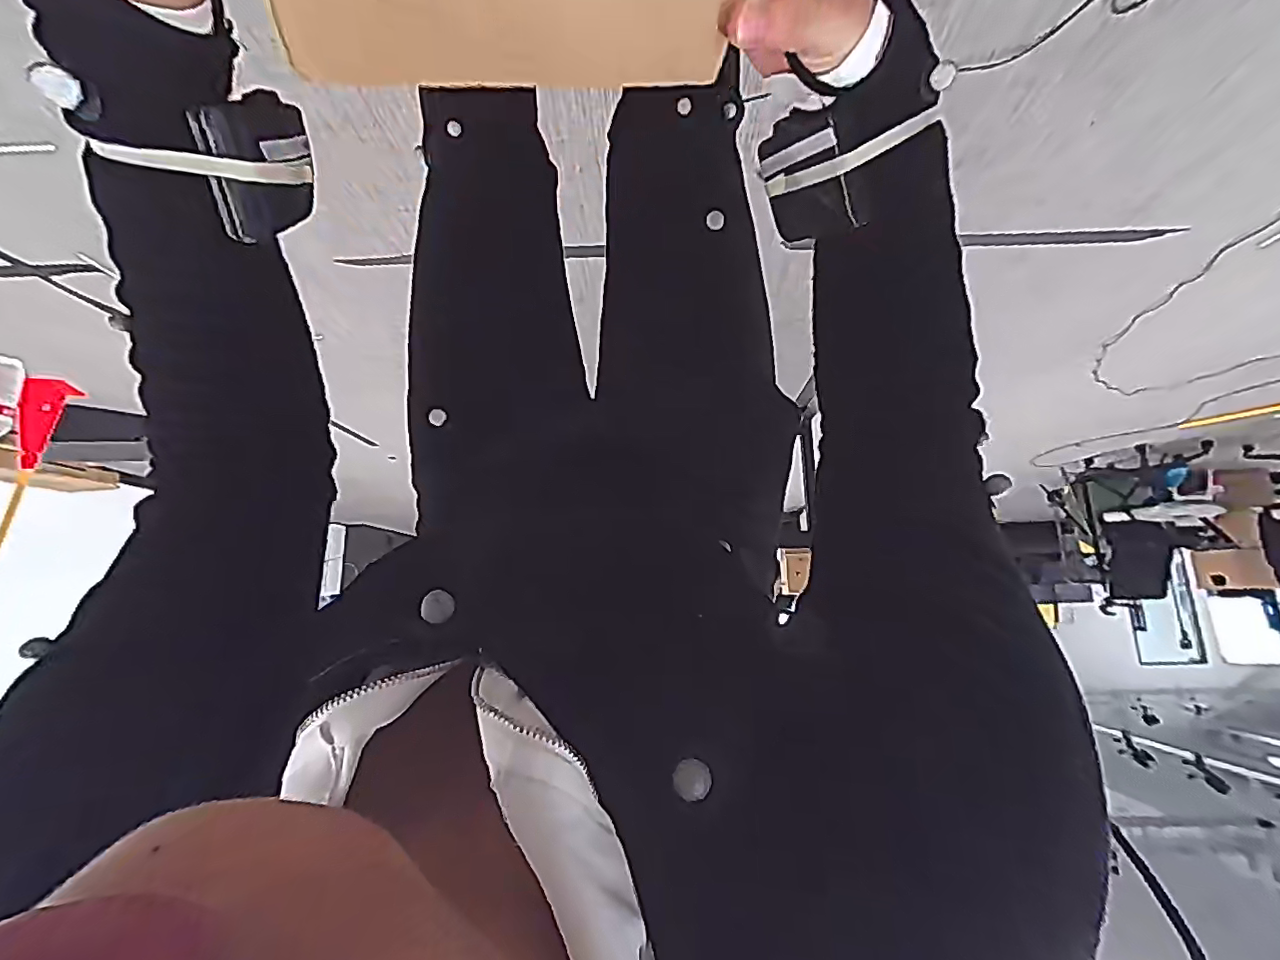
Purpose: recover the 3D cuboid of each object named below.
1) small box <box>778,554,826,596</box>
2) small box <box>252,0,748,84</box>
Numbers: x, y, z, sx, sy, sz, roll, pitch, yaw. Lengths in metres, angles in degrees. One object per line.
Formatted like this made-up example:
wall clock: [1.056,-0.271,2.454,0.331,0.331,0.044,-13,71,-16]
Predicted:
small box: [0.675,0.398,2.276,0.168,0.176,0.179,-1,169,6]
small box: [-0.048,-0.265,0.163,0.179,0.176,0.168,-12,163,-20]
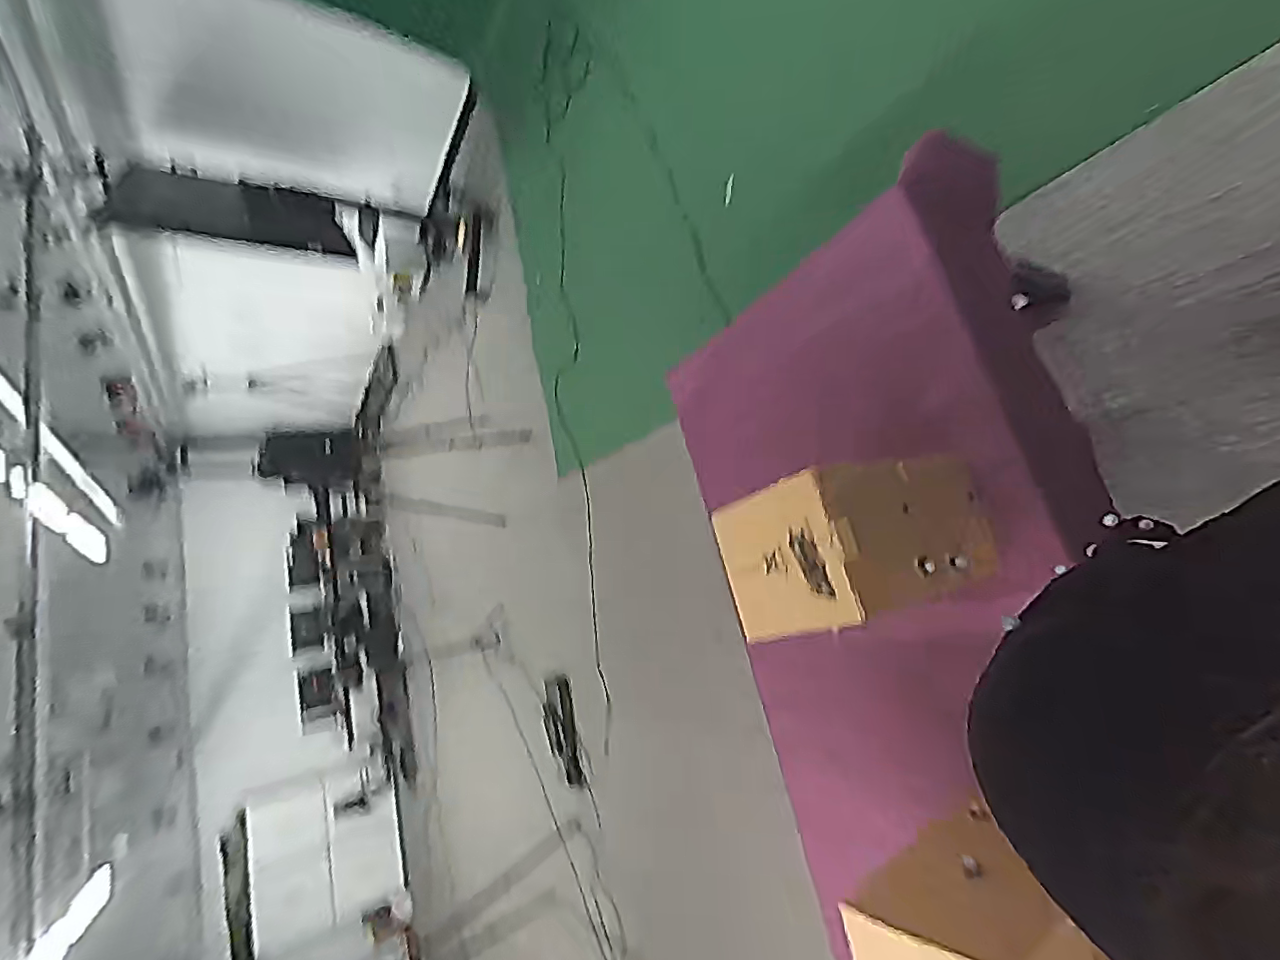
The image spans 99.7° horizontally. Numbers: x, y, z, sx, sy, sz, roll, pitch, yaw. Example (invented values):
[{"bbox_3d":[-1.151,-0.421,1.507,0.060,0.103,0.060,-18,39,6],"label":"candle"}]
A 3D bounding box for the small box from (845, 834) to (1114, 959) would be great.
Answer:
[{"bbox_3d":[0.350,0.497,0.551,0.179,0.176,0.168,-26,74,53],"label":"small box"}]

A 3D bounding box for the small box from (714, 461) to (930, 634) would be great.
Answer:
[{"bbox_3d":[0.228,0.082,0.675,0.179,0.176,0.168,-35,65,52],"label":"small box"}]
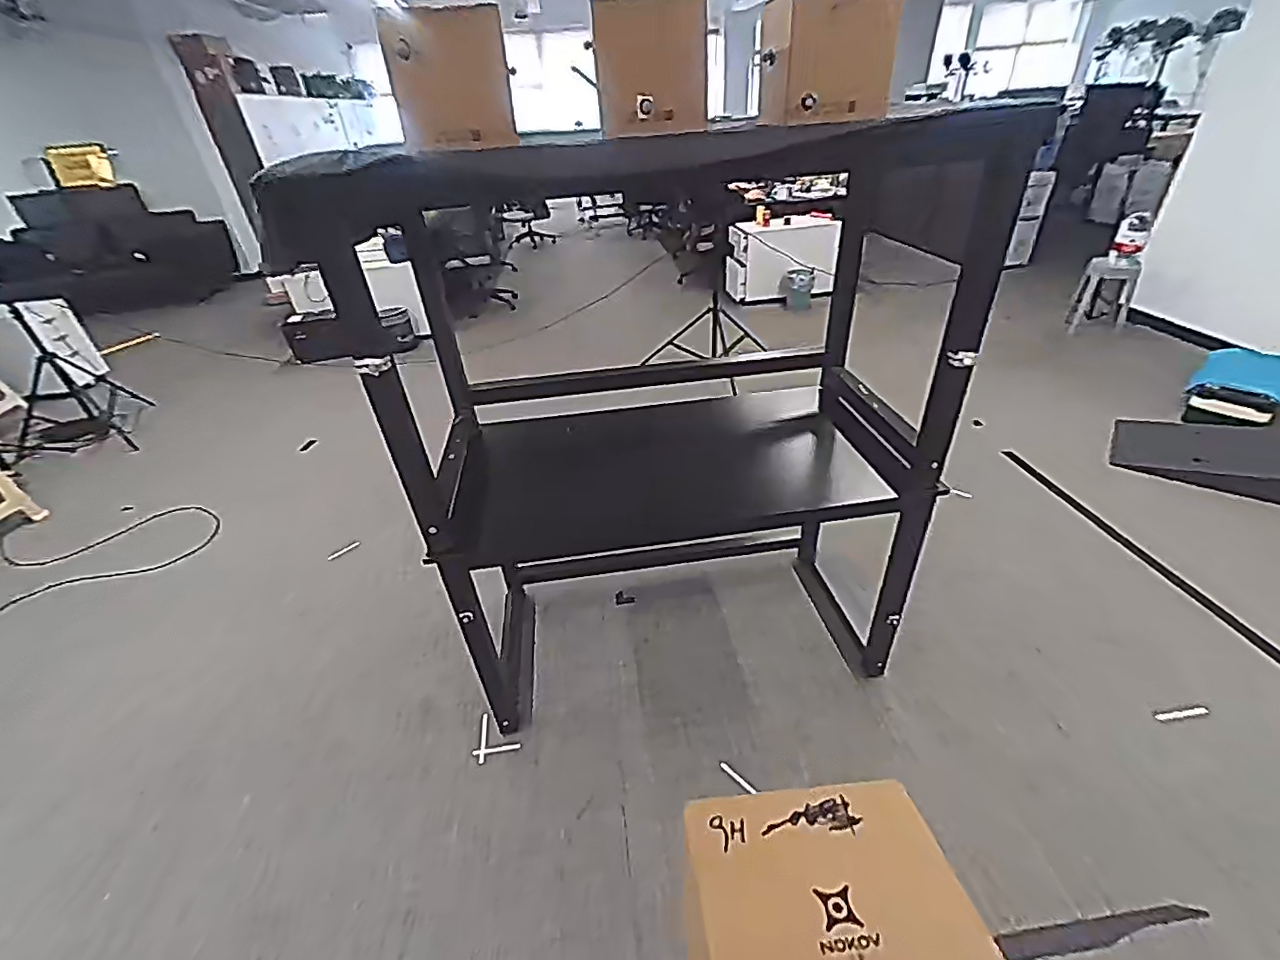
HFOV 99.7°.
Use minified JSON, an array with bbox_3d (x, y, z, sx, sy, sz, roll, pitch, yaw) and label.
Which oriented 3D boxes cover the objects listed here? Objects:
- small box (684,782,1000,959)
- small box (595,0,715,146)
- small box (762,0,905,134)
[{"bbox_3d":[0.123,0.338,0.353,0.168,0.176,0.179,-3,26,-4],"label":"small box"},{"bbox_3d":[0.020,-0.625,0.844,0.168,0.176,0.179,-6,33,-1],"label":"small box"},{"bbox_3d":[0.299,-0.664,0.868,0.168,0.176,0.179,-6,33,-2],"label":"small box"}]
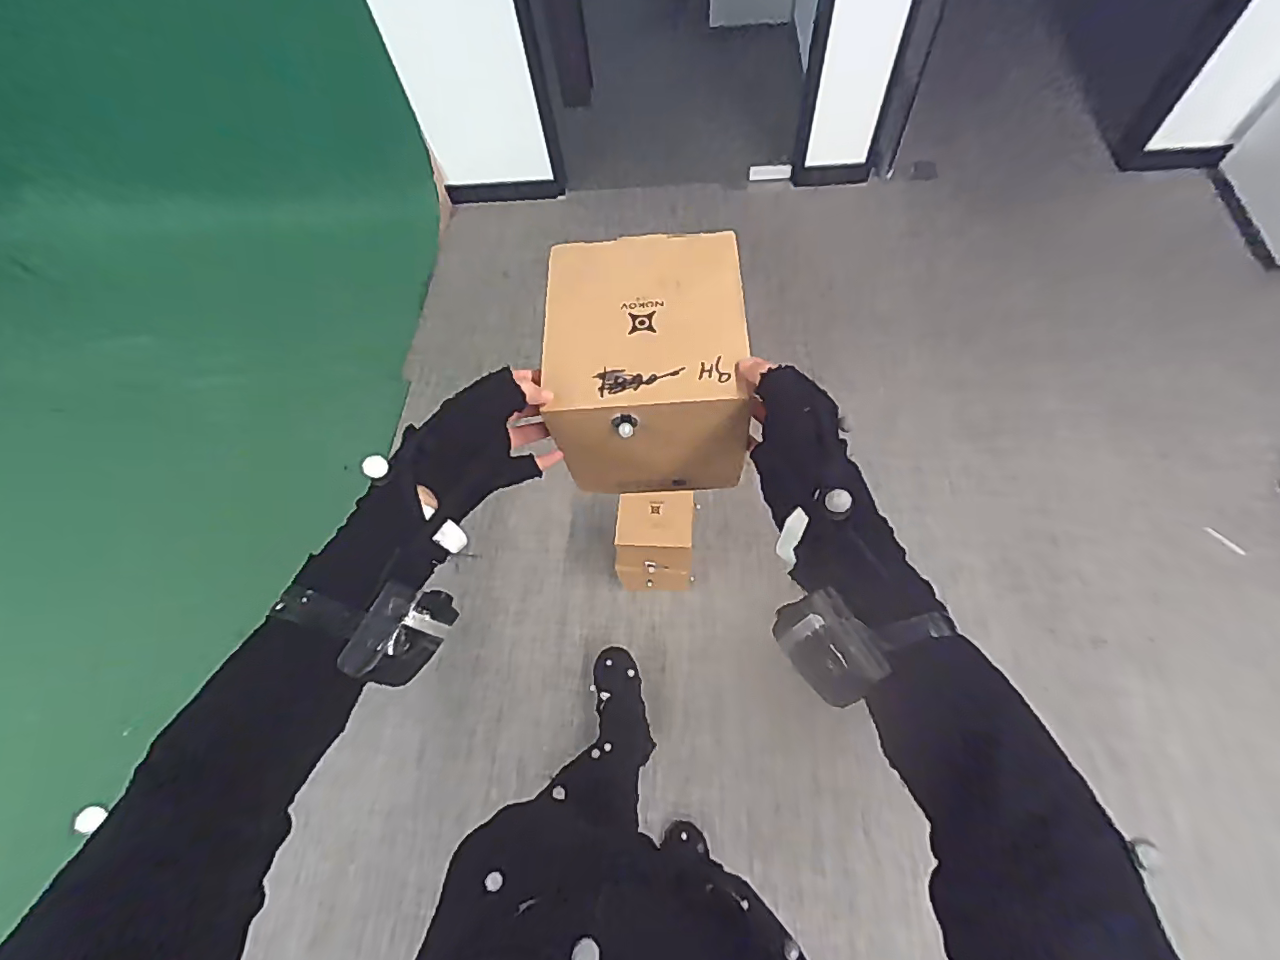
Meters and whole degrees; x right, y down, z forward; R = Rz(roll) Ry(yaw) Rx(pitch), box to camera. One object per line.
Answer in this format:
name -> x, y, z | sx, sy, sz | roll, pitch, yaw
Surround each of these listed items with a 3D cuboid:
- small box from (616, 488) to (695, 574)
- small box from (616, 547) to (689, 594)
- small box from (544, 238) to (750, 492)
small box -> 0.043, 0.107, 1.262 | 0.168, 0.176, 0.179 | 1, 62, 8
small box -> 0.042, 0.191, 1.400 | 0.179, 0.176, 0.168 | 2, 62, 7
small box -> 0.012, -0.103, 0.530 | 0.168, 0.176, 0.179 | -3, 64, 6
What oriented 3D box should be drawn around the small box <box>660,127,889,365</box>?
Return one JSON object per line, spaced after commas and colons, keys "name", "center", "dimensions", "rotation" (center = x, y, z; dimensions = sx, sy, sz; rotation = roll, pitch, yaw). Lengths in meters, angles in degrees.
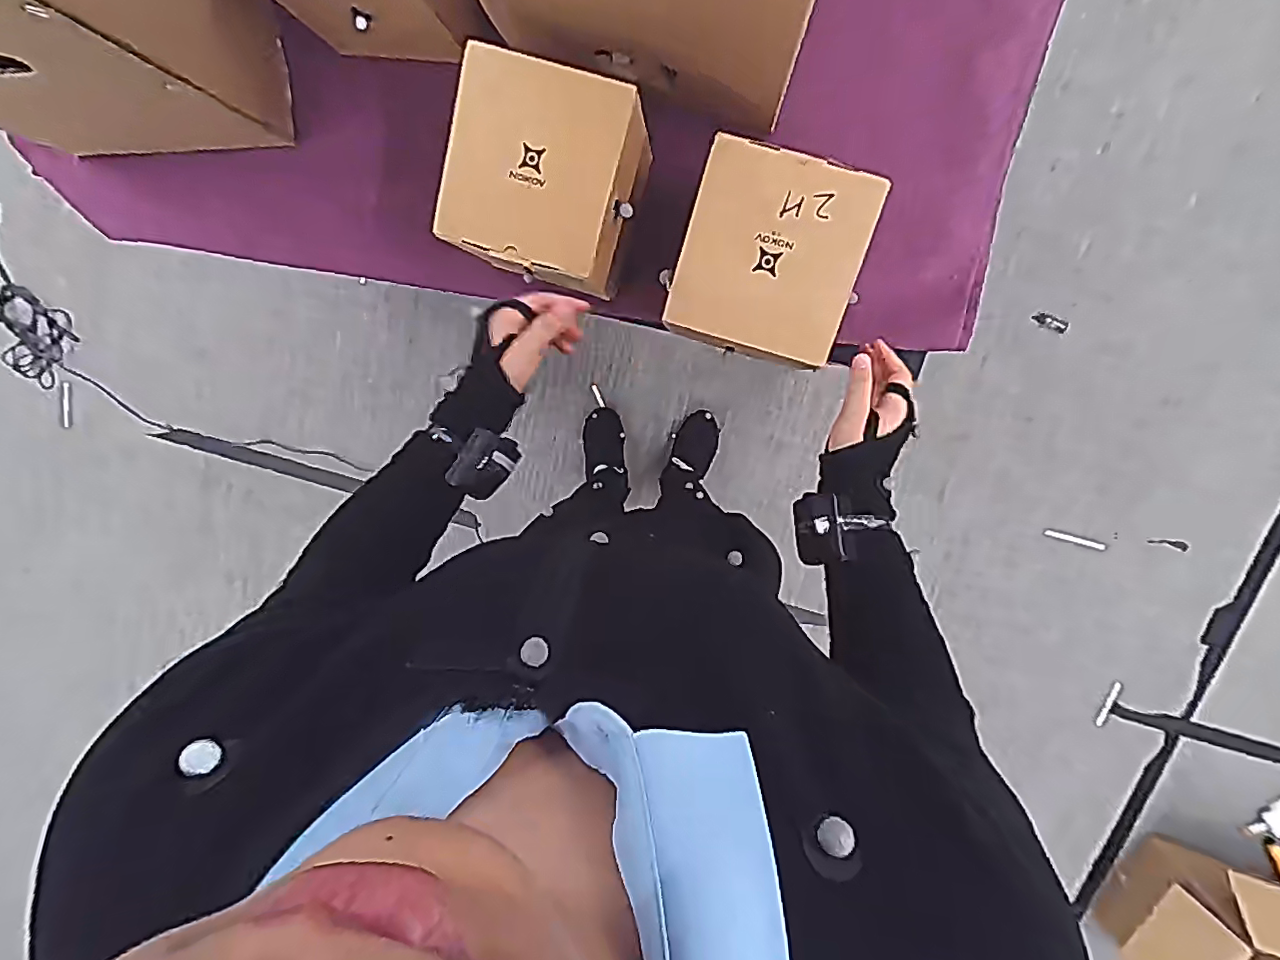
{"name": "small box", "center": [0.130, -0.228, 0.577], "dimensions": [0.168, 0.176, 0.179], "rotation": [18, 102, 3]}
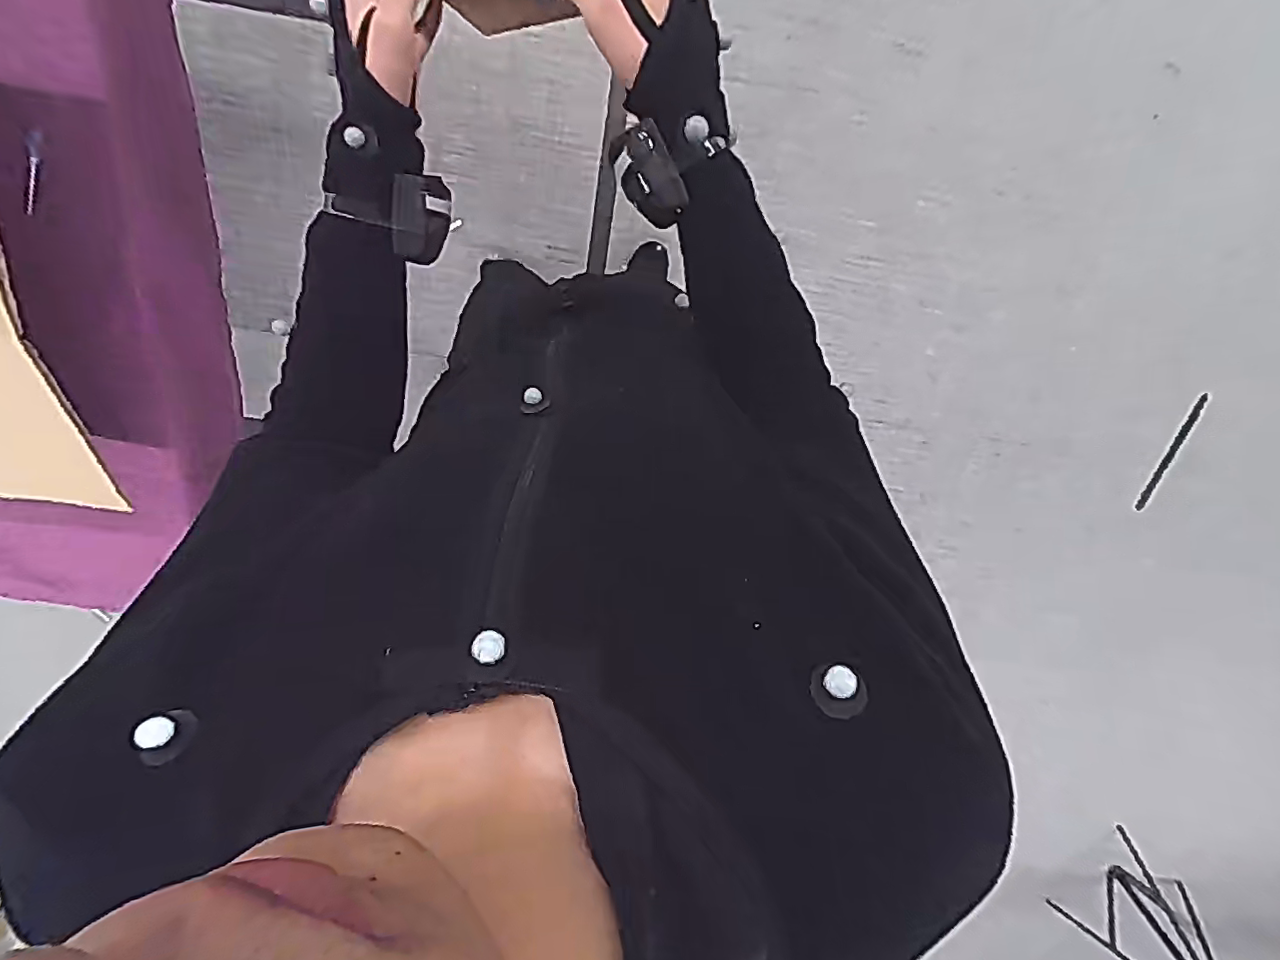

──────────

**Problem to work on:**
Word for word, output the lines from the line bearing "- small box from (616, 488) to (695, 574)" through the end of the records above, and only those, without the pictures.

**Answer to this exercise:**
- small box from (616, 488) to (695, 574)
- small box from (616, 547) to (689, 594)
- small box from (544, 238) to (750, 492)
small box -> 0.043, 0.107, 1.262 | 0.168, 0.176, 0.179 | 1, 62, 8
small box -> 0.042, 0.191, 1.400 | 0.179, 0.176, 0.168 | 2, 62, 7
small box -> 0.012, -0.103, 0.530 | 0.168, 0.176, 0.179 | -3, 64, 6
What oriented 3D box should be drawn around the small box <box>660,127,889,365</box>?
Return one JSON object per line, spaced after commas and colons, keys "name", "center", "dimensions", "rotation" (center = x, y, z; dimensions = sx, sy, sz; rotation = roll, pitch, yaw). Lengths in meters, angles in degrees.
{"name": "small box", "center": [0.130, -0.228, 0.577], "dimensions": [0.168, 0.176, 0.179], "rotation": [18, 102, 3]}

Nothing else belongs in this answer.